01 Feb Dysmenorrhoea: Period Pain
Dysmenorrhoea is the medical name for period pain, a common condition that usually presents itself with cramps or a dull ache, mostly in the abdominal region but it can spread to the low back and the legs. It usually appears a few hours before the start of the period or right after it, and it usually goes away spontaneously in 2 or 3 days. Alongside the cramps, it is common to also suffer from other symptoms such as nausea, diarrhoea, constipation, mood swings and headaches.
Dysmenorrhoea can be divided into two categories:
- Primary Dysmenorrhoea: when there is pain without an underlying pathology
- Secondary Dysmenorrhoea: when pain is a due to pathologies such as endometriosis, adhesions, ovarian cysts etc.
Primary Dysmenorrhoea affects up to 60% of women during their fertile years. In 15% of these, the pain is so severe that it forces women to take a step back from regular activities, whether in terms of sport, school or work. For example, the impact on the economic system in the US alone is up to a $2 billion loss per year with 600 hours taken off work!
Interestingly, the age group mostly affected is that of women in their twenties and the numbers decrease by 10% after the first pregnancy, and by 19% after a second one.
For this blog, we will focus on Primary Dysmenorrhoea, since Secondary Dysmenorrhoea is caused by pathologies and we would therefore have to analyse each and every illness separately first in order to understand why it causes pain.

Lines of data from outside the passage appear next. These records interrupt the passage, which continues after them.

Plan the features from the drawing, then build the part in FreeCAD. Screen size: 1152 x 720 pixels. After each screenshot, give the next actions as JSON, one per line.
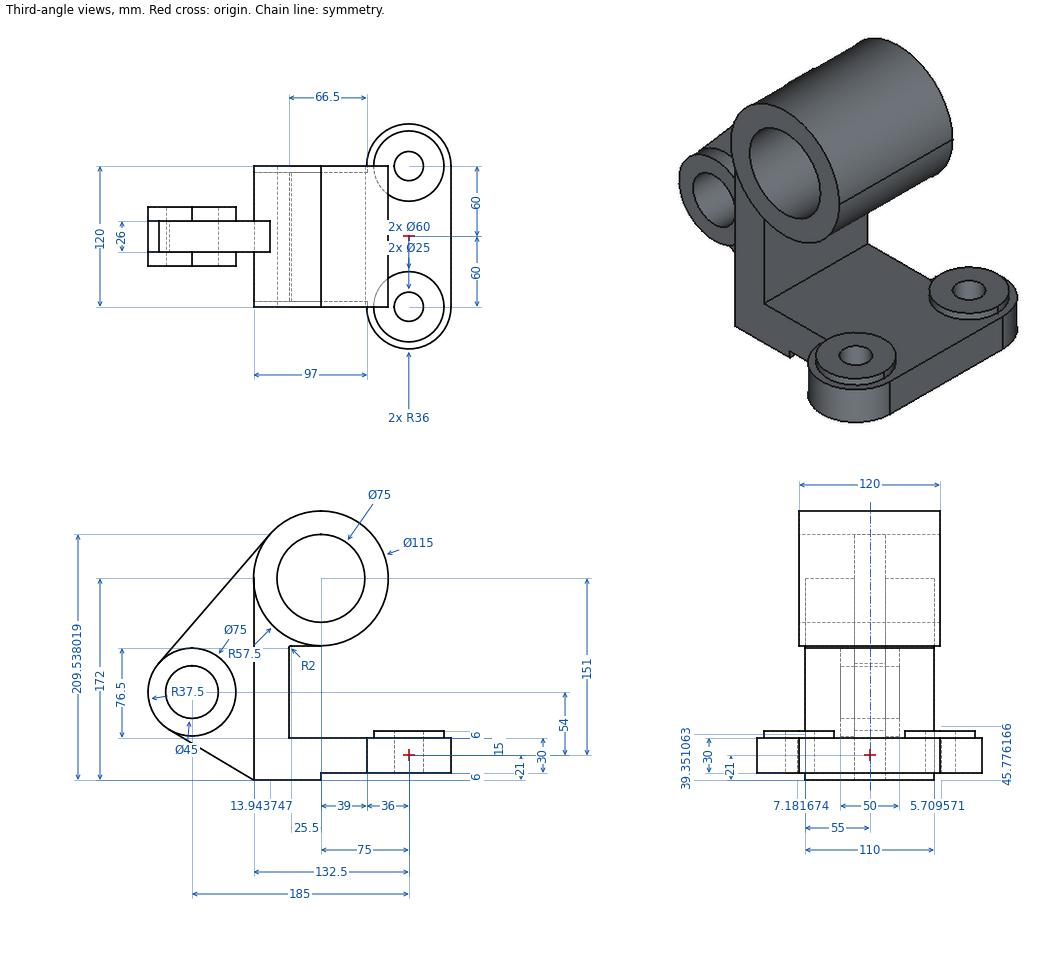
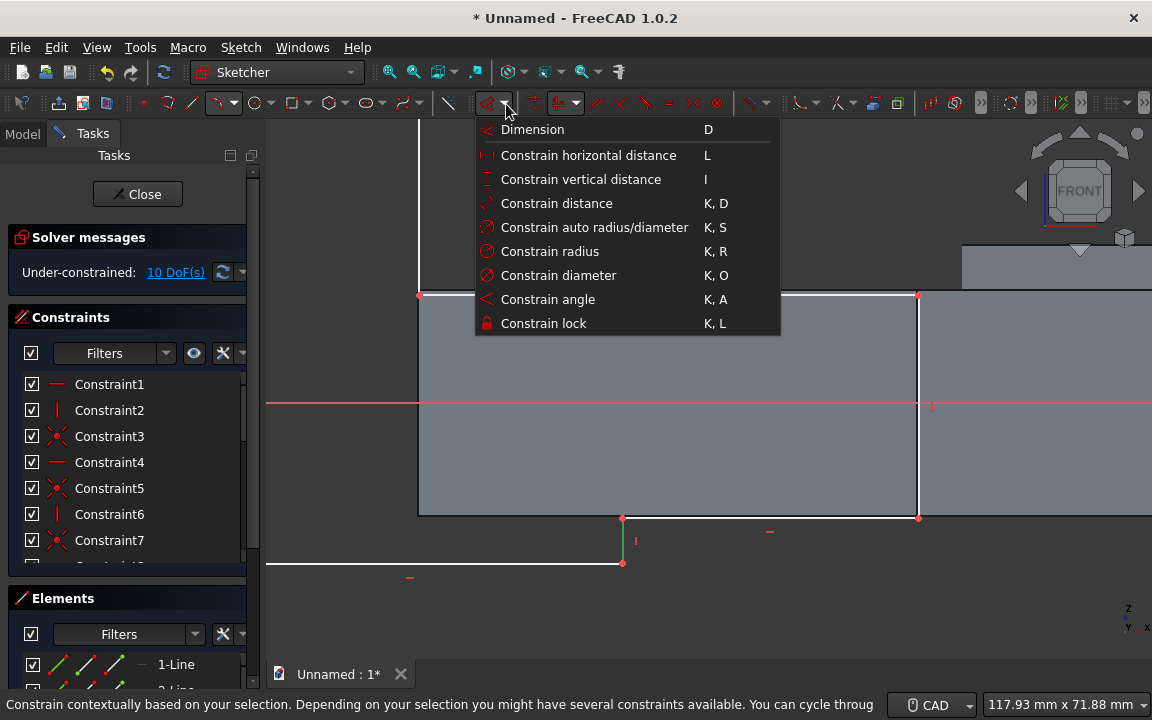
{"action": "left_click", "coordinate": [628, 179]}
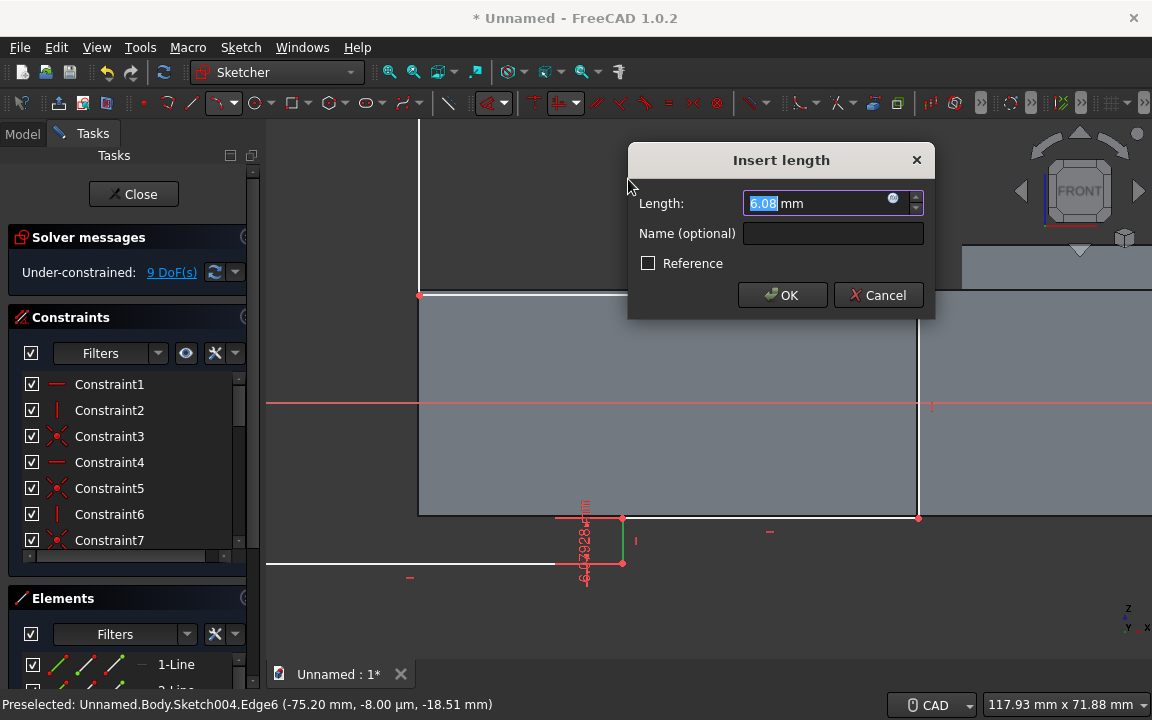
{"action": "type", "text": "6"}
{"action": "key", "text": "Return"}
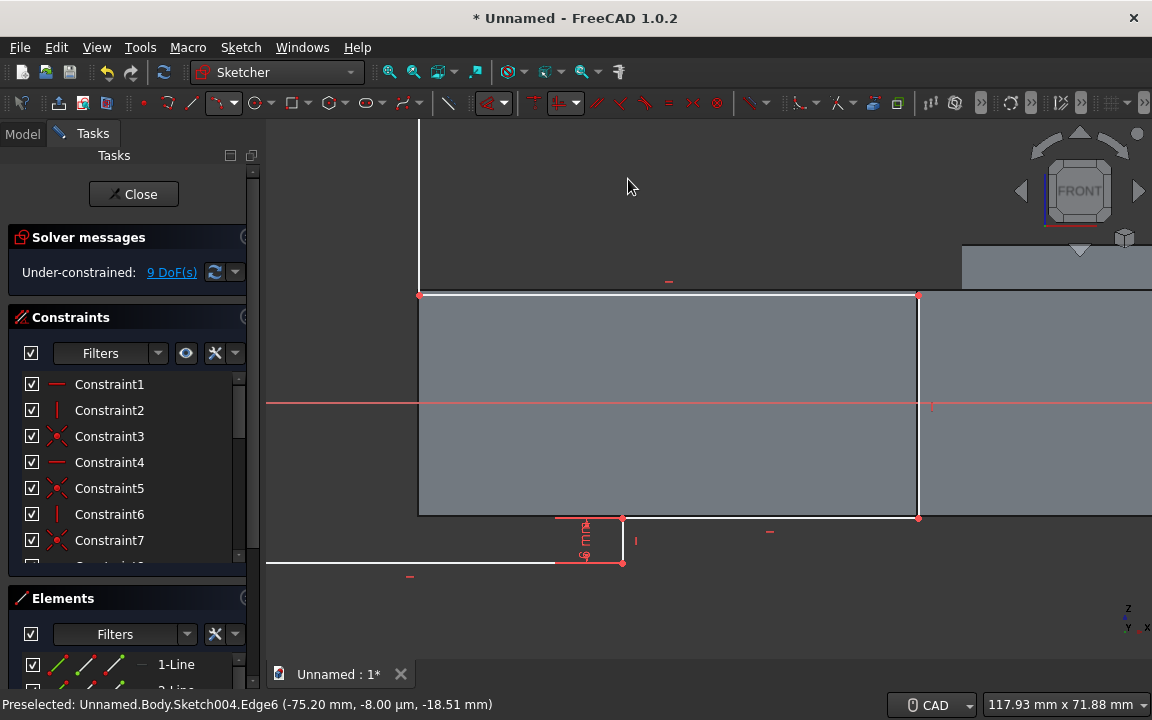
{"action": "scroll", "coordinate": [624, 544], "scroll_direction": "down", "scroll_amount": 7}

3 reasons for this type of pain:
- In the last thirty years, it has been reported that the mechanism behind period pain is an increase of the production of prostaglandins (PG) inside the womb. PGs are similar to hormones and regulate inflammation and pain sensibility. They are a product of the deepest layer of the womb, the Endometrium, but they mostly affect the middle layer of the uterus, the Myometrium.The middle layer is mainly made up of muscle cells, and therefore it is here that uterine contractions start. The presence of elevated PGs in the Myometrium causes abnormal contractions of the uterine wall, which decrease the blood flow which brings about the pain. All the other associated symptoms seem to be caused by the same mechanism.
- PGs though, are not the only elements that influence the normal contractile function of the womb – Hormones also play a key role, specifically Estrogen and Progesterone. Different levels of these two hormones in fact lead to normal contractions. This is why contraceptive pills take period pain away. They balance the levels of hormones, helping to normalize uterine function and contractions.

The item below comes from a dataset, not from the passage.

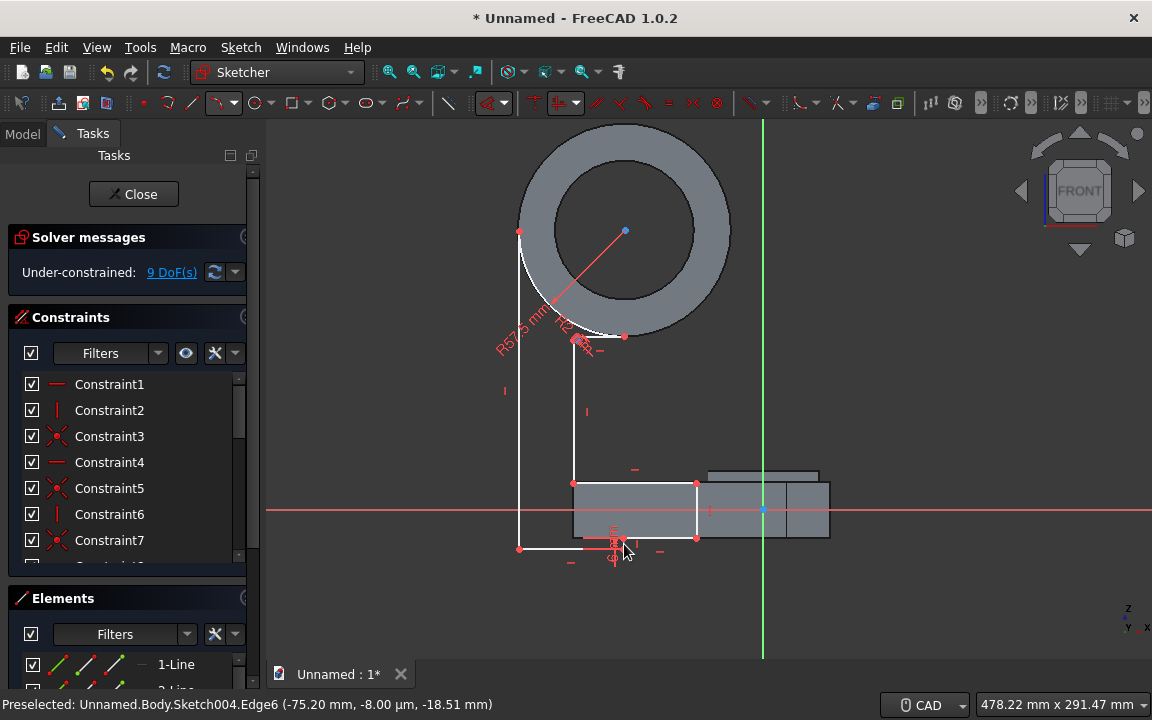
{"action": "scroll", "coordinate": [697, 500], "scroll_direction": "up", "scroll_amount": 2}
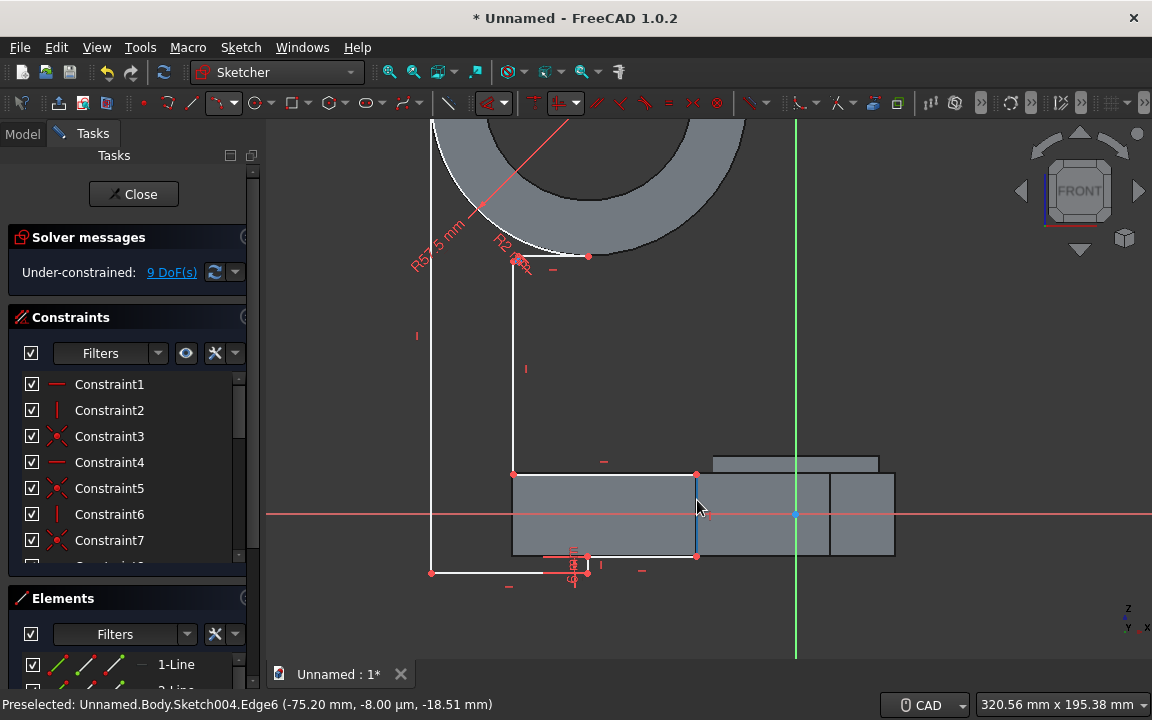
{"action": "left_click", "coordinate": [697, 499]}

- A third hypothesis sees Vasopressin as another key factor. This is a hormone released by a part of the brain, and it decreases the diameter of uterine vessels and the flow of the menses itself through a stimuli on the production of PGs. Women affected by Dysmenorrhoea present with levels of Vasopressin four times higher than those who don’t have any symptoms.
How can Osteopathy help?
To understand how Osteopathy helps with period pain, it is important to know that the function and the mobility of the organs in our bodies are regulated by nerves that usually generate at the level of the spine.

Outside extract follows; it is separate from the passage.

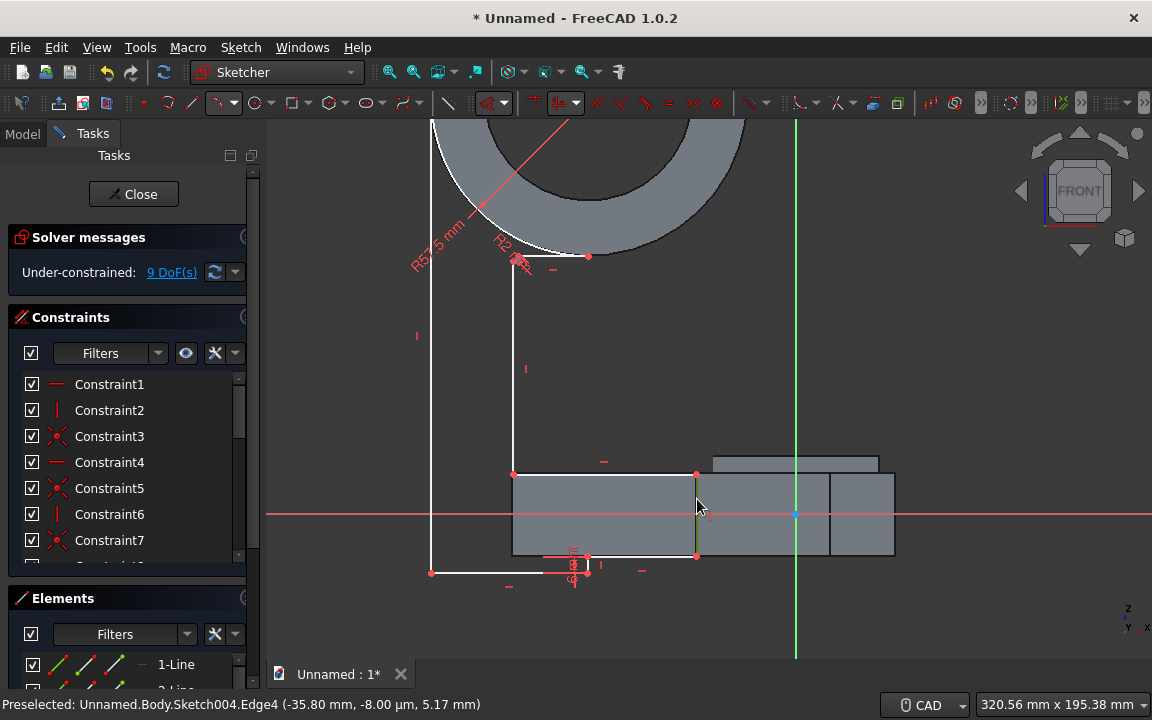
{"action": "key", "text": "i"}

Looking at the womb, we know that its contraction and the reduction in size of its vessels are regulated by nerves coming from the spinal level where your rib cage ends(T10 –T12) while muscle relaxation and the increase of the diameter of the vessels is controlled by the bottom of your spine(S2-S4). A mechanical restriction of these spinal segments can influence the nerves going to the womb, leading to a dysfunction in its blood flow and contraction.
Adhesions are also able to decrease the function and mobility of organs, muscles, ligaments and nerves (Read more about adhesions here) and also increase the inflammation process, leading to irritability of the affected areas.
With our skills and knowledge, manual manipulation effectively increases spinal mobility and therefore the affected nervous segments, leading to a better blood flow and oxygenation of the pelvic area with a decrease of the symptoms. Soft tissue manipulation also breaks down adhesions, leading to a better function and movement of organs.
Dysmenorrhea is also affected by a decrease in the blood flow, and Osteopathy can effectively act on circulatory problems, leading to the resolution of period pain.
Do we have to live with period pain?
On average we have 13 cycles per year, for 40 years. That adds up to about 1560 days of pain. That is over 4 years of pain!
That’s way too many days, wouldn’t you agree?
As a woman, I would be dreading my periods as the thought of going through all those days of unnecessary pain is just unbearable.
It is time to take action as we shouldn’t just suffer with an issue that takes away precious hours. So, with effective and targeted Osteopathic treatment, you will most likely do away with your troublesome period pains!